A suburb of Boston, of all places, has a vibrant example of a trend that the folks down on the bayou never saw coming: Viet-Cajun.
“This could easily be a crawfish boil in Cajun country, until you notice the spring rolls, fried rice, and coconut drinks. The 25-seat spot is the first to bring the growing Viet-Cajun food craze to Boston: Cajun cooking and crawfish served with a Vietnamese twist,” writes Denise Taylor of the Boston Globe.
Taylor’s piece on Brother’s Crawfish is a tidy little lesson in culinary history as well as a review: She quotes Jerald Horst, a fisheries expert and co-author of “The Louisiana Seafood Bible: Crawfish.”
“The cuisine has roots in Louisiana, where Vietnamese immigrants who had been fishermen settled. The delta of south Louisiana is very much like the Mekong Delta geographically and natural history-wise. As they prospered in the fishing industry, the Vietnamese took land jobs, many as seafood retailers.”
Horst remembers that 35 years ago when he started in the business, most of the industry was in the hands of Sicilian market owners. Now, he says, its over 90 percent Vietnamese owners.
Taylor reports that Viet-Cajun places are springing up throughout the country, as far west as (of course) Las Vegas.

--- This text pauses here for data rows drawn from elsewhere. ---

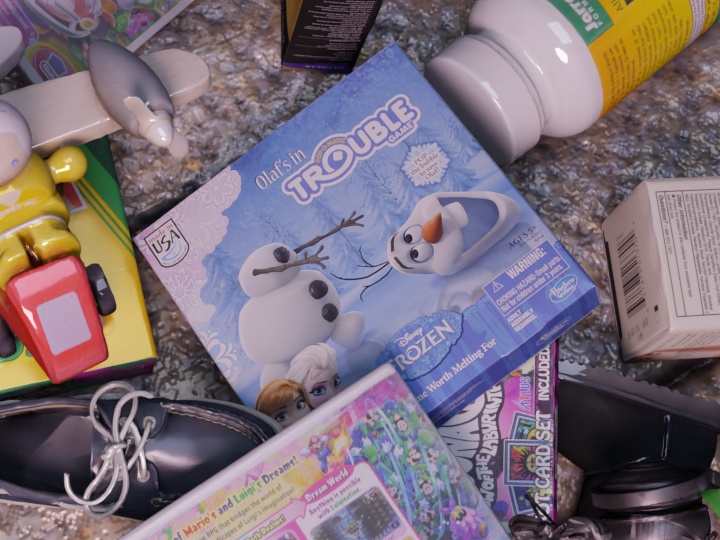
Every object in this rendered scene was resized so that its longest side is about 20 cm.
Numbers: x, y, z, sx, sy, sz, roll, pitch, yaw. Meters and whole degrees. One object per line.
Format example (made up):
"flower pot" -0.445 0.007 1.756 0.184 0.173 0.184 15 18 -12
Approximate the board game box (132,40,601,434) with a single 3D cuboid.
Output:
"board game box" 0.000 0.000 0.790 0.200 0.043 0.199 -37 67 0

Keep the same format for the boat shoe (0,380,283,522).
"boat shoe" -0.140 0.099 0.747 0.199 0.062 0.075 4 78 14

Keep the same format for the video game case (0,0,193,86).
"video game case" -0.161 -0.216 0.854 0.200 0.018 0.143 -45 120 -19

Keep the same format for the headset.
"headset" 0.165 0.161 0.738 0.199 0.094 0.124 21 70 -30

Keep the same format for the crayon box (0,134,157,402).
"crayon box" -0.236 -0.006 0.796 0.199 0.058 0.173 -12 76 -14

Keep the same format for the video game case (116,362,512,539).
"video game case" -0.015 0.174 0.689 0.200 0.024 0.182 -32 81 -18

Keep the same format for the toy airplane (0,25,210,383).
"toy airplane" -0.197 -0.063 0.715 0.198 0.141 0.201 22 72 -5

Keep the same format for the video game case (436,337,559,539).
"video game case" 0.026 0.102 0.794 0.180 0.036 0.201 0 73 13

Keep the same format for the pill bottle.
"pill bottle" 0.141 -0.158 0.884 0.200 0.113 0.113 -38 84 -18

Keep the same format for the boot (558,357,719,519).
"boot" 0.133 0.162 0.819 0.164 0.066 0.201 14 76 -5

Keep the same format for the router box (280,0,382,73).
"router box" -0.017 -0.249 0.857 0.052 0.157 0.201 2 73 -10

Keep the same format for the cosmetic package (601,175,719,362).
"cosmetic package" 0.268 -0.003 0.876 0.199 0.087 0.104 -2 73 -10
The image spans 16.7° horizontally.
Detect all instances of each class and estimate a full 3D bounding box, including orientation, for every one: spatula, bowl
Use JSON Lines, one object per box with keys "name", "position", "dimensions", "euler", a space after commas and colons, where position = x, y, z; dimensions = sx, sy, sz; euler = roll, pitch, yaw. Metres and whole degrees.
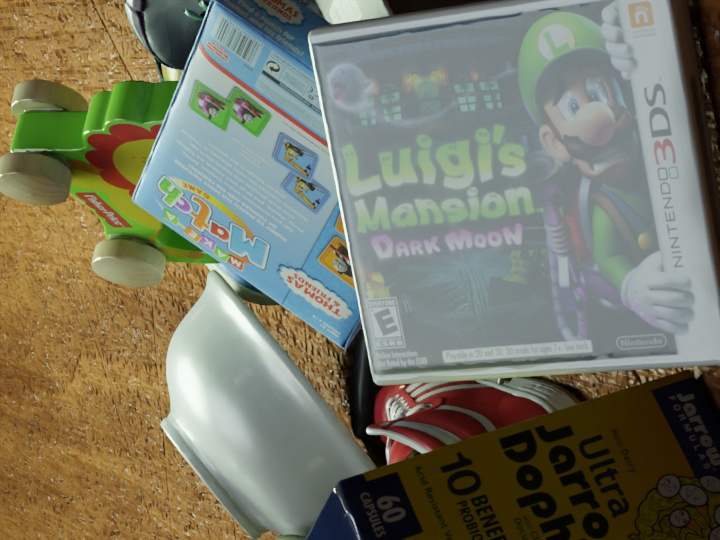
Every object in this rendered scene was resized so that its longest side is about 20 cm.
{"name": "spatula", "position": [0.000, 0.000, 1.470], "dimensions": [0.056, 0.020, 0.202], "euler": [178, 90, -73]}
{"name": "bowl", "position": [-0.063, 0.104, 1.544], "dimensions": [0.201, 0.090, 0.201], "euler": [51, 176, 5]}

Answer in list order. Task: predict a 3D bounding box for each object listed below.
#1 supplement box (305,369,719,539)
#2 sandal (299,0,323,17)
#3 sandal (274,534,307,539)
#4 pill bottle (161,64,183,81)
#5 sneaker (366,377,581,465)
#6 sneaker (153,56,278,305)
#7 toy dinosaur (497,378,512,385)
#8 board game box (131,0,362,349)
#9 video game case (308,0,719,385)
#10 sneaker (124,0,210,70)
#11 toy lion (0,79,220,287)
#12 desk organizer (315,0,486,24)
{"name": "supplement box", "position": [0.084, 0.142, 1.188], "dimensions": [0.109, 0.199, 0.110], "euler": [65, 156, 21]}
{"name": "sandal", "position": [0.001, -0.127, 1.398], "dimensions": [0.075, 0.048, 0.201], "euler": [-32, 83, 32]}
{"name": "sandal", "position": [0.028, 0.206, 1.456], "dimensions": [0.200, 0.080, 0.058], "euler": [12, 75, 35]}
{"name": "pill bottle", "position": [-0.077, -0.201, 1.463], "dimensions": [0.111, 0.110, 0.202], "euler": [23, 125, 62]}
{"name": "sneaker", "position": [0.033, 0.099, 1.374], "dimensions": [0.200, 0.112, 0.072], "euler": [1, 109, 61]}
{"name": "sneaker", "position": [-0.083, -0.082, 1.599], "dimensions": [0.111, 0.076, 0.201], "euler": [100, 154, -64]}
{"name": "toy dinosaur", "position": [0.069, -0.012, 1.244], "dimensions": [0.102, 0.077, 0.200], "euler": [45, 154, 20]}
{"name": "board game box", "position": [-0.035, -0.056, 1.321], "dimensions": [0.151, 0.037, 0.200], "euler": [35, 145, 3]}
{"name": "video game case", "position": [0.076, -0.039, 1.179], "dimensions": [0.199, 0.023, 0.183], "euler": [-5, 101, 32]}
{"name": "sneaker", "position": [-0.075, -0.166, 1.332], "dimensions": [0.088, 0.074, 0.201], "euler": [54, 149, 29]}
{"name": "toy lion", "position": [-0.108, -0.056, 1.484], "dimensions": [0.200, 0.190, 0.069], "euler": [47, -131, -56]}
{"name": "desk organizer", "position": [0.008, -0.189, 1.314], "dimensions": [0.201, 0.076, 0.072], "euler": [64, 156, 24]}

Prepare to salivate as you read this article, which moves into lyrical praise for the magic worked on crawfish when the traditional “mustard seed, coriander, bay leaf, dill, allspice, and a lot of cayenne” get shoved aside for the likes of “ginger, lime, lemongrass, or the salty fish sauce nuoc mam.”
As the late Hank Williams would have said, me-oh-my-oh.